Brief:
Copy each line below as it stands, but skip any picture it contains.

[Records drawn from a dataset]
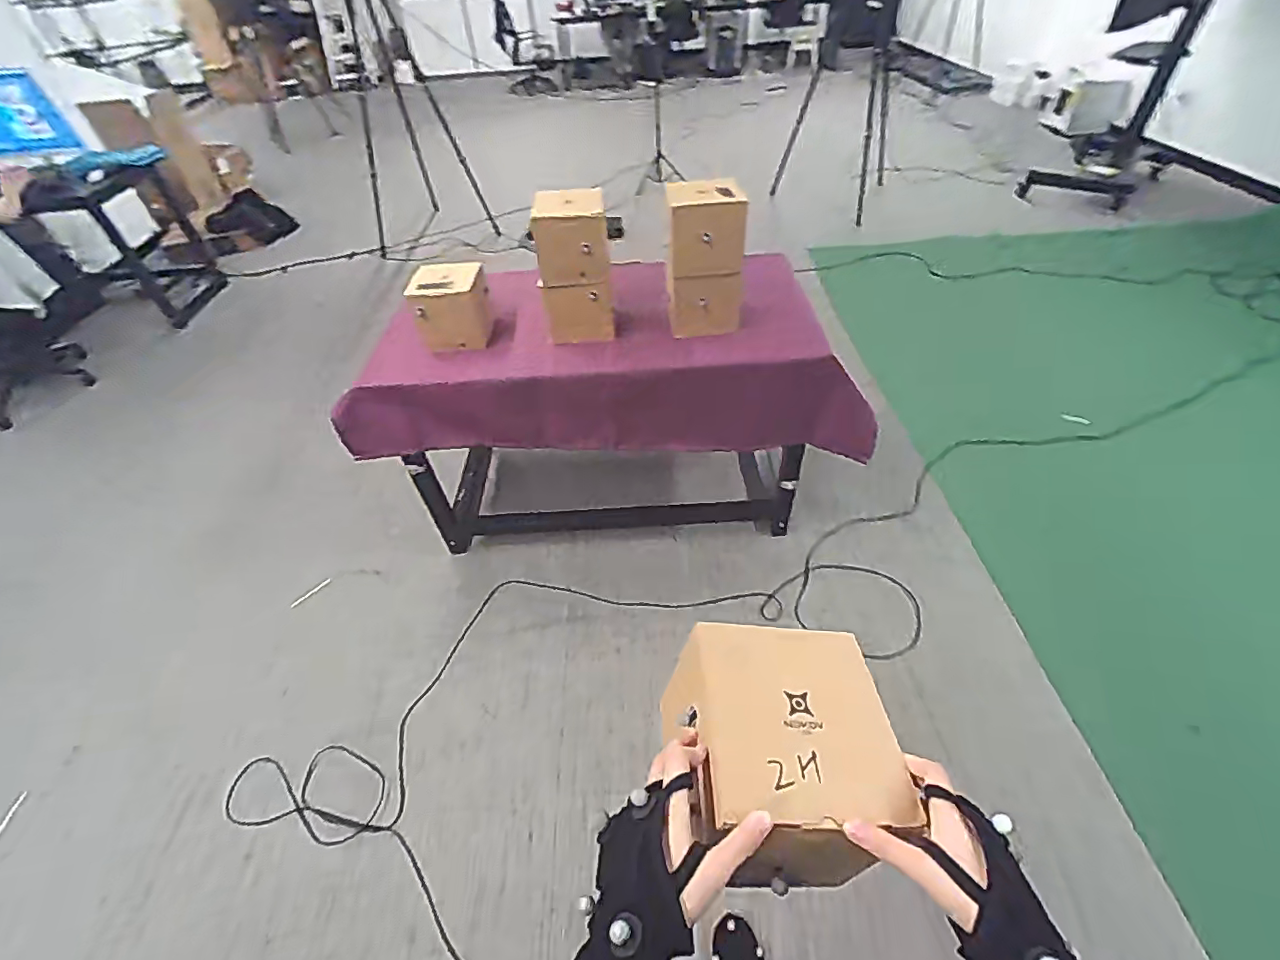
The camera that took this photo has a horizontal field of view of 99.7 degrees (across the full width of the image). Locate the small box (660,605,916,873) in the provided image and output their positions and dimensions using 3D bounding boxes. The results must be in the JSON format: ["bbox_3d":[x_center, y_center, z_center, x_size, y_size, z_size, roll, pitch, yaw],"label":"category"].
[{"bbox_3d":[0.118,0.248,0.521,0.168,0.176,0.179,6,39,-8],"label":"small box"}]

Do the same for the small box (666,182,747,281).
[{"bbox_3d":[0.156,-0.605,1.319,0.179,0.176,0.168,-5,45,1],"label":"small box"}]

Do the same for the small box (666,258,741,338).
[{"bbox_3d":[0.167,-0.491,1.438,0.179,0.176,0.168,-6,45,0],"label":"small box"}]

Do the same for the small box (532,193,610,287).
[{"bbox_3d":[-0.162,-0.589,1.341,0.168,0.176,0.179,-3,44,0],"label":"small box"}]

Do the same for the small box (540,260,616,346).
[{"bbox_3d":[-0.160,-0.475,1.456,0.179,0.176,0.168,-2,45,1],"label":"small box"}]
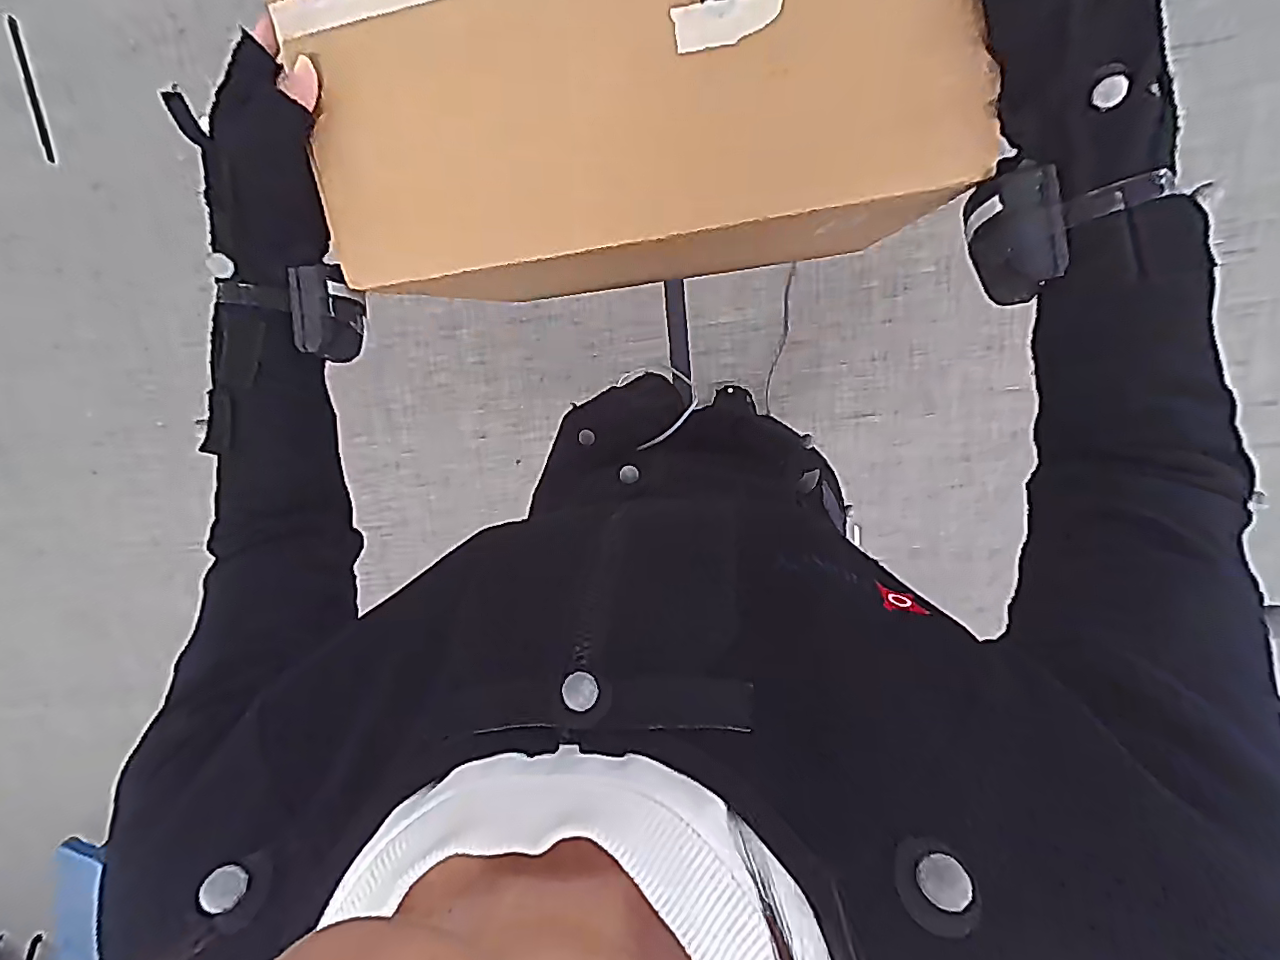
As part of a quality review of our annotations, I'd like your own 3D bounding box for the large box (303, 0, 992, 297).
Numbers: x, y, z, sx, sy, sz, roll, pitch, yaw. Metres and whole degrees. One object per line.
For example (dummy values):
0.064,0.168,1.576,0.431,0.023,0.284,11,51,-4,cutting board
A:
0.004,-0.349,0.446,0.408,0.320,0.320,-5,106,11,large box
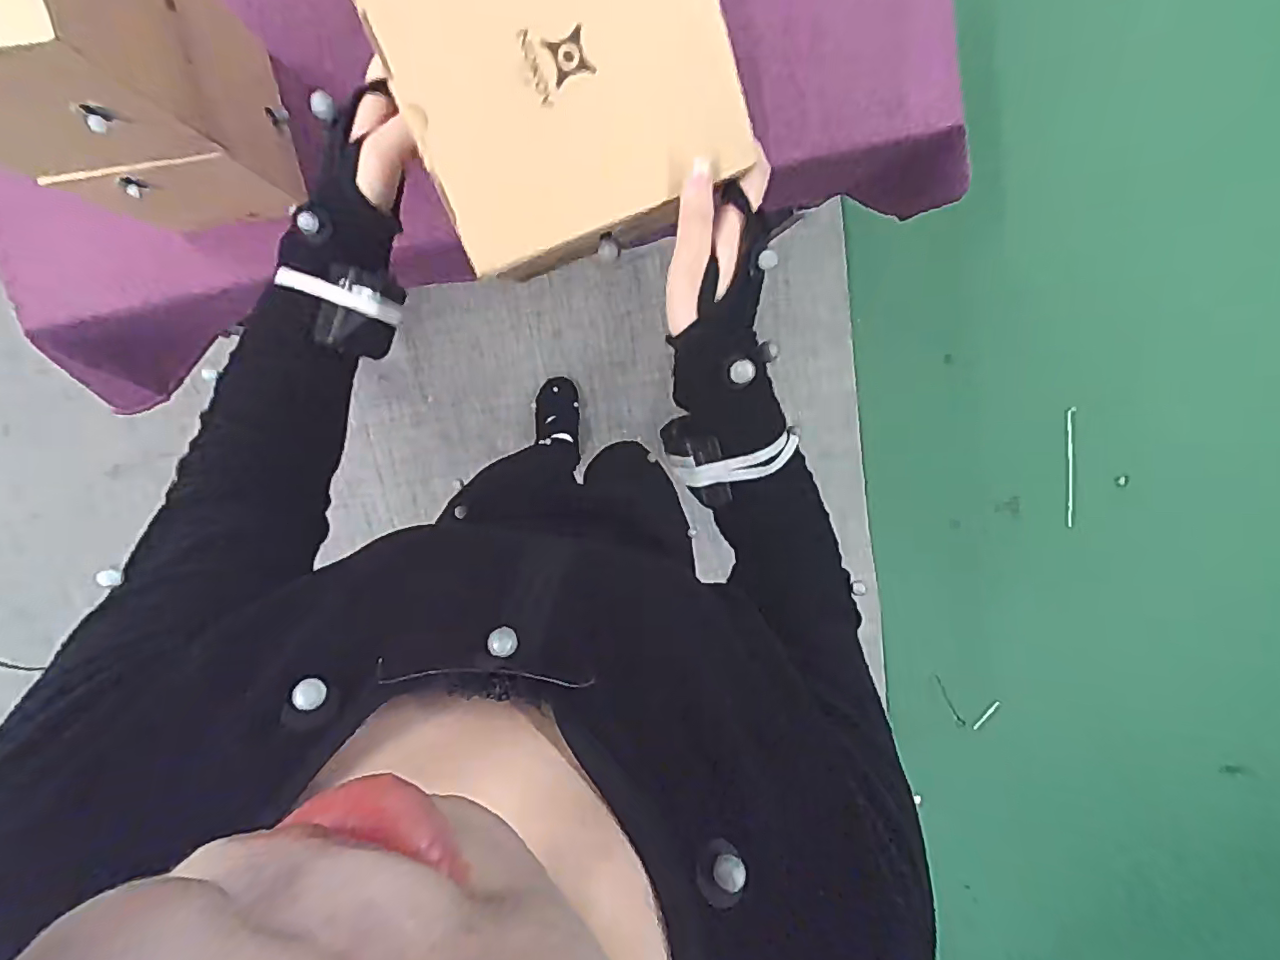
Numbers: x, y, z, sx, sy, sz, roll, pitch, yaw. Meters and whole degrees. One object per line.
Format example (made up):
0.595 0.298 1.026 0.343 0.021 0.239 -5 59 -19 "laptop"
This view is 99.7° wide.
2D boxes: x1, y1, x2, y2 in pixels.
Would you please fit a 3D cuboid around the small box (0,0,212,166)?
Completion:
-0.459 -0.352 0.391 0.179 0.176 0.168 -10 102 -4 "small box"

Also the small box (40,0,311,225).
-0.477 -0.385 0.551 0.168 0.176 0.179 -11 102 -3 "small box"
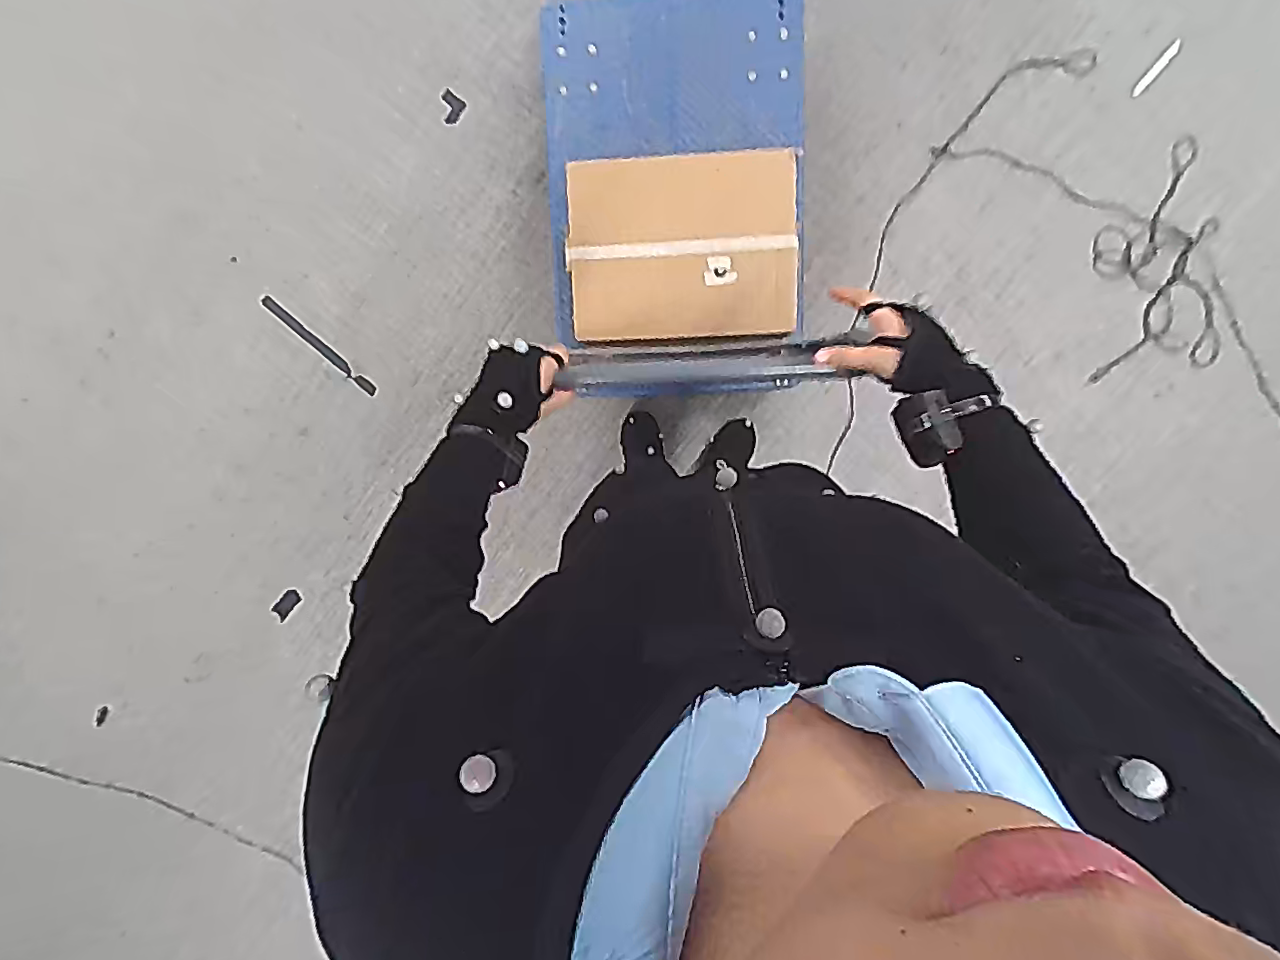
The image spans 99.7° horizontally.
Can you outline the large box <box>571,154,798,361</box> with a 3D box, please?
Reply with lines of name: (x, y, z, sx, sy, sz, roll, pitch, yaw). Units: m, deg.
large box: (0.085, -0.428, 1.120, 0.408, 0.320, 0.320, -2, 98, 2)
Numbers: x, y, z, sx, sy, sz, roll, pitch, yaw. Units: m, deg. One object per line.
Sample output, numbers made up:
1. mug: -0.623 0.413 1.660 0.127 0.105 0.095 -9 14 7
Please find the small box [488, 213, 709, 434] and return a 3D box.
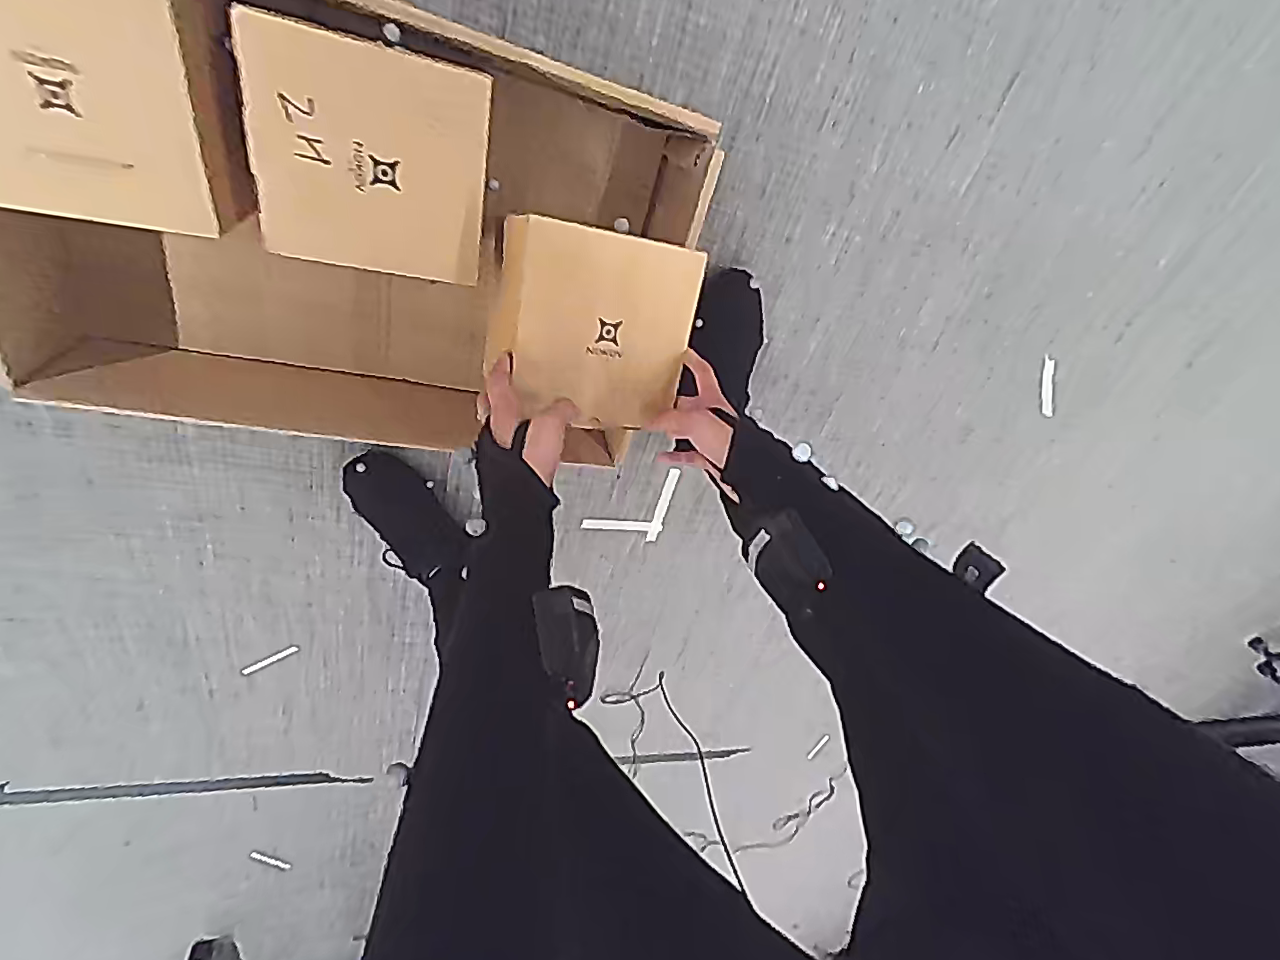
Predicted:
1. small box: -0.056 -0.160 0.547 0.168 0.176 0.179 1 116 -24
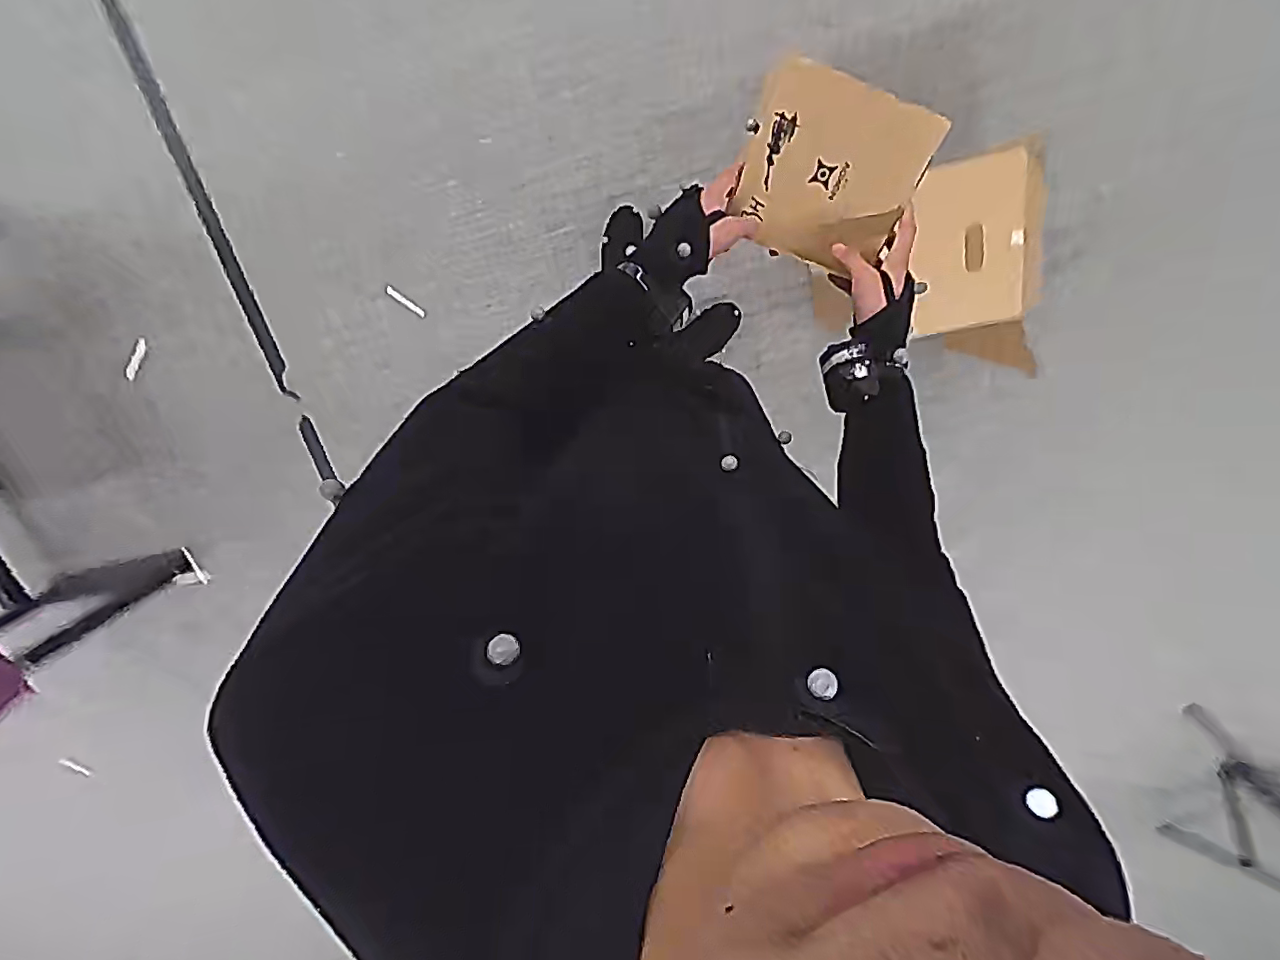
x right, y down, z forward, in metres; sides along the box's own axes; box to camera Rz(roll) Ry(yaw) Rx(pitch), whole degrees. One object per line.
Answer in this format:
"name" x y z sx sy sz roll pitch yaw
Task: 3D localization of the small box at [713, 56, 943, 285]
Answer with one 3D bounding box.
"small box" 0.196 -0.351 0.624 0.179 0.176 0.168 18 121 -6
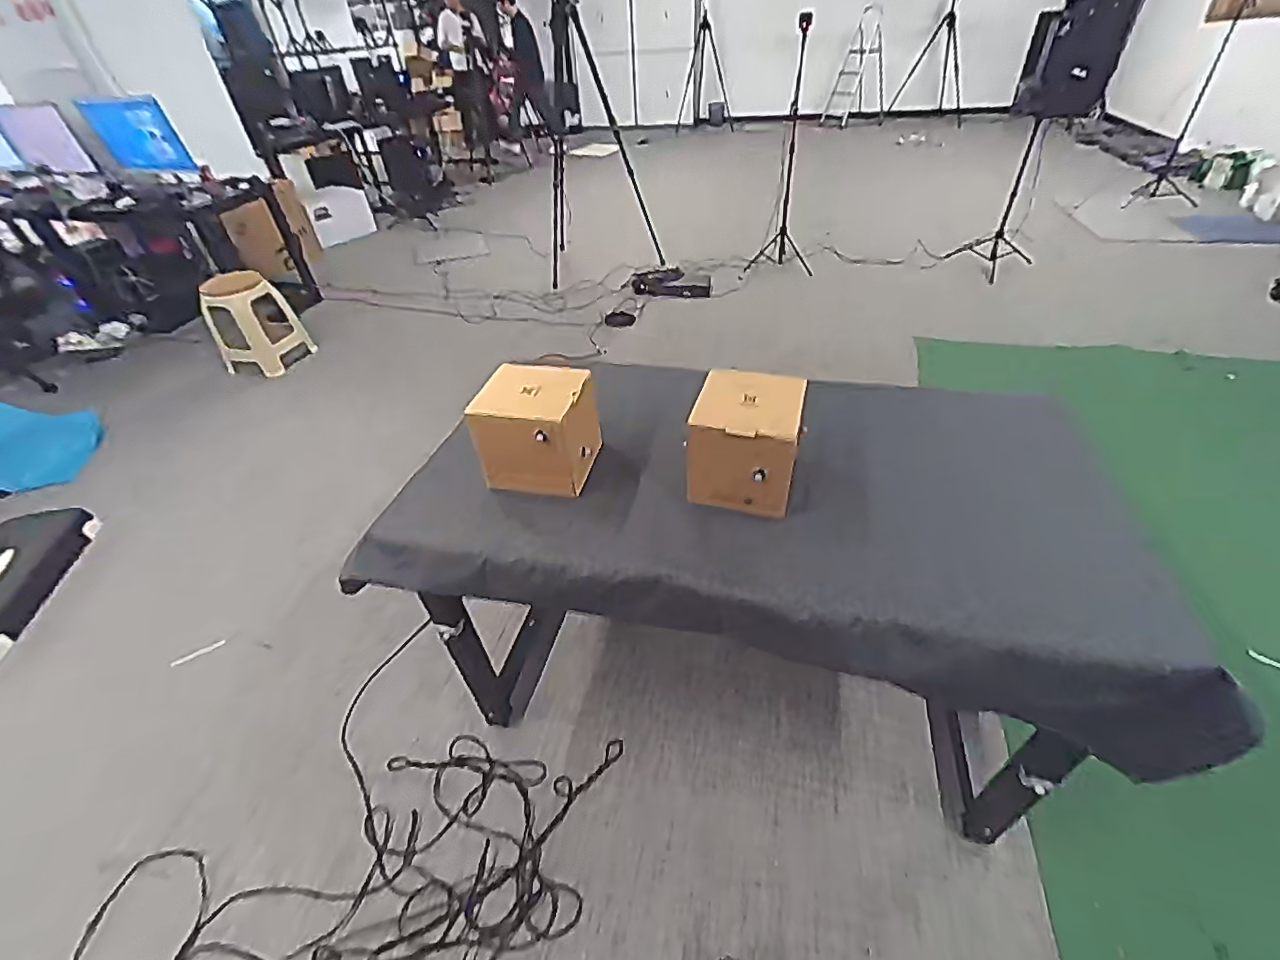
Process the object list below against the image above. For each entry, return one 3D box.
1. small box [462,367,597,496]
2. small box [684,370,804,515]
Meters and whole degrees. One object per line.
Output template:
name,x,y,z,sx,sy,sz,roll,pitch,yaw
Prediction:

Written response:
The camera that took this photo has a horizontal field of view of 99.7 degrees (across the full width of the image). Locate the small box (660,605,916,873) in the provided image and output their positions and dimensions using 3D bounding boxes. The results must be in the JSON format: ["bbox_3d":[x_center, y_center, z_center, x_size, y_size, z_size, roll, pitch, yaw],"label":"category"].
[{"bbox_3d":[0.118,0.248,0.521,0.168,0.176,0.179,6,39,-8],"label":"small box"}]

Do the same for the small box (666,182,747,281).
[{"bbox_3d":[0.156,-0.605,1.319,0.179,0.176,0.168,-5,45,1],"label":"small box"}]

Do the same for the small box (666,258,741,338).
[{"bbox_3d":[0.167,-0.491,1.438,0.179,0.176,0.168,-6,45,0],"label":"small box"}]

Do the same for the small box (532,193,610,287).
[{"bbox_3d":[-0.162,-0.589,1.341,0.168,0.176,0.179,-3,44,0],"label":"small box"}]

Do the same for the small box (540,260,616,346).
[{"bbox_3d":[-0.160,-0.475,1.456,0.179,0.176,0.168,-2,45,1],"label":"small box"}]
As part of a quality review of our annotations, I'd like your own 3D bounding box for the large box (303, 0, 992, 297).
Numbers: x, y, z, sx, sy, sz, roll, pitch, yaw. Metres and whole degrees. One object per line.
For example (dummy values):
0.064,0.168,1.576,0.431,0.023,0.284,11,51,-4,cutting board
A:
0.004,-0.349,0.446,0.408,0.320,0.320,-5,106,11,large box
Numbers: x, y, z, sx, sy, sz, roll, pitch, yaw. Meters and whole degrees. One object per line.
Format example (made up):
0.595 0.298 1.026 0.343 0.021 0.239 -5 59 -19 "laptop"
This view is 99.7° wide.
2D boxes: x1, y1, x2, y2 in pixels.
Would you please fit a 3D cuboid around the small box (0,0,212,166)?
Completion:
-0.459 -0.352 0.391 0.179 0.176 0.168 -10 102 -4 "small box"

Also the small box (40,0,311,225).
-0.477 -0.385 0.551 0.168 0.176 0.179 -11 102 -3 "small box"
The image spans 99.7° horizontally.
Can you outline the large box <box>571,154,798,361</box> with a 3D box, please?
Reply with lines of name: (x, y, z, sx, sy, sz, roll, pitch, yaw). Units: m, deg.
large box: (0.085, -0.428, 1.120, 0.408, 0.320, 0.320, -2, 98, 2)
Numbers: x, y, z, sx, sy, sz, roll, pitch, yaw. Units: m, deg. One object per line.
Sample output, numbers made up:
1. mug: -0.623 0.413 1.660 0.127 0.105 0.095 -9 14 7
Please find the small box [488, 213, 709, 434] and return a 3D box.
Predicted:
1. small box: -0.056 -0.160 0.547 0.168 0.176 0.179 1 116 -24
x right, y down, z forward, in metres; sides along the box's own axes; box to camera Rz(roll) Ry(yaw) Rx(pitch), whole degrees. One object per line.
Answer in this format:
"name" x y z sx sy sz roll pitch yaw
Task: 3D localization of the small box at [713, 56, 943, 285]
Answer with one 3D bounding box.
"small box" 0.196 -0.351 0.624 0.179 0.176 0.168 18 121 -6
Process the object list below against the image above. For each entry, return one 3D box.
1. small box [462,367,597,496]
2. small box [684,370,804,515]
Meters and whole degrees. One object per line.
Output template:
name,x,y,z,sx,sy,sz,roll,pitch,yaw
Prediction:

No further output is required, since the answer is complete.